Caspar nodded. "That is one reason why I spoke to you just now," he said, much more gently than usual. "I knew that she was a little brusque sometimes; and I suppose I am not much better. As a rule a father does not talk to his girls as I have been talking to you, I fancy. I am almost as ignorant of a father's duties to his daughter as you say you are of the habits of English bourgeois society--for I suppose that is what you mean?"

He smiled a little--the slight smile of a satire which Lesley always dreaded; and yet, she remembered, his voice had been very kind. It softened again into its gentlest and most musical tones, as he said--

"You must take us as you find us, child: we shall not do you much harm, and it will not be for long."

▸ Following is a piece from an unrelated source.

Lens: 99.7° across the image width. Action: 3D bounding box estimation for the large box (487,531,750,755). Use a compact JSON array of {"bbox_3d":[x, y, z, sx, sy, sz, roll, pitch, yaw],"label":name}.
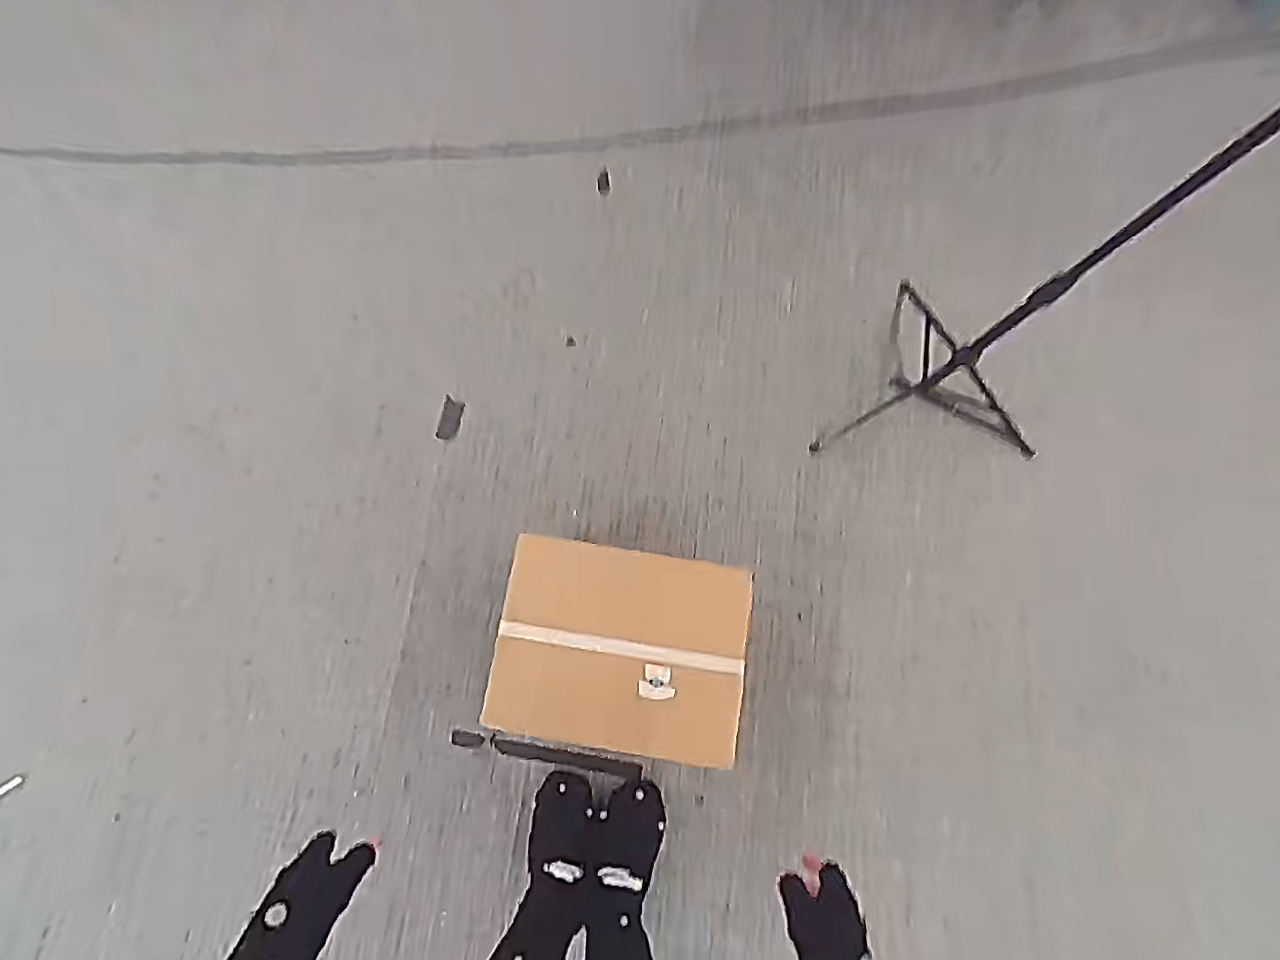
[{"bbox_3d":[-0.032,0.294,1.033,0.408,0.320,0.320,9,78,1],"label":"large box"}]

Lesley was emboldened by the gentle intonation to draw closer to him, and to lay an entreating hand upon his arm.

"Oh, father," she said, "if you would but let me write to mamma!"

And then she uttered a little sob, and the tears filled her eyes and ran down her cheeks. As for Caspar Brooke, he stood like a man amazed, and repeated her words almost stupidly.

"_Write to mamma?_" he said.

"It would do me good: it would not do any harm," said Lesley, hurriedly, brokenly, and clasping his arm with both hands to enforce her plea. "I would not tell her anything that you did not like: I should never say anything but good about you; but, oh, there are so many things that puzzle me, and that I should like to consult her about. You see, although I was not much with her, I used to write to her twice a week, and she wrote to me oftener, sometimes; and I told her everything, and she used to advise me and help me! And I miss it so much--it is that that makes me unhappy; it seems so hard never to write and never to hear from her! I feel sometimes as if I could not bear it; as if I should have to run away to her again and tell her everything! n.o.body is like her--n.o.body--and to be a year without her is terrible!"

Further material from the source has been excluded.